WeWork's financial struggles have been widely known for years and are partly attributed to former CEO Adam Neumann's decisions

WeWork has officially announced that it will declare bankruptcy. Despite facing significant financial challenges, the company has not lost its commitment to offering flexible office spaces in the future.

On November 6, the firm declared that it would undertake a comprehensive reorganisation to strengthen its capital structure and financial performance, with the aim of positioning the company for future success.

WeWork’s financial struggles have been widely known for years and are partly attributed to former CEO Adam Neumann’s decisions.

The company, which was once valued at $47 billion and backed by SoftBank Group, failed to go public, and as a result, its valuation diminished significantly.

According to reports from Reuters, WeWork had net long-term debt of $2.9 billion in June 2023, and more than $13 billion in long-term leases.

In its latest announcement, WeWork said, “WeWork will further rationalise its commercial office lease portfolio while focusing on business continuity and delivering best-in-class services to its members, as global operations are expected to continue as usual.”

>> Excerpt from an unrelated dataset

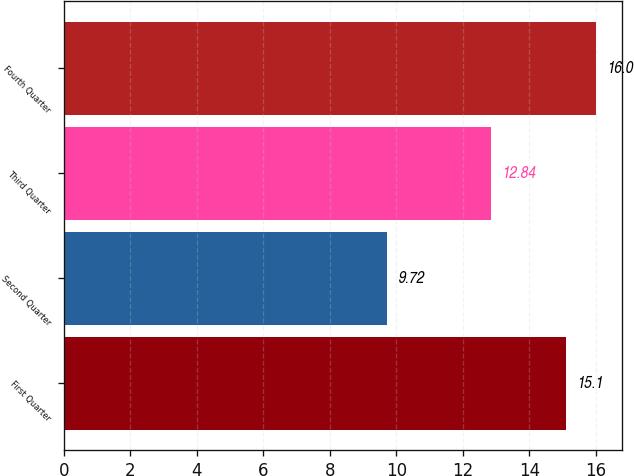Convert chart to OTSL. <chart><loc_0><loc_0><loc_500><loc_500><bar_chart><fcel>First Quarter<fcel>Second Quarter<fcel>Third Quarter<fcel>Fourth Quarter<nl><fcel>15.1<fcel>9.72<fcel>12.84<fcel>16<nl></chart>

The company has filed for protection under Chapter 11 of the US Bankruptcy Code. However, the company clarified that its locations outside of the U.S. and Canada are not included in the process. Similarly, the company’s franchisees around the world are not affected by these proceedings.

The current CEO, David Tolley, has acknowledged the previous poor decisions and said that it is now time for the company to aggressively address its legacy leases and significantly improve its balance sheet.

Although the office spaces remain open and operational, it is uncertain what the future holds for WeWork and how its office space portfolio may change. Nevertheless, customers should remain largely unaffected.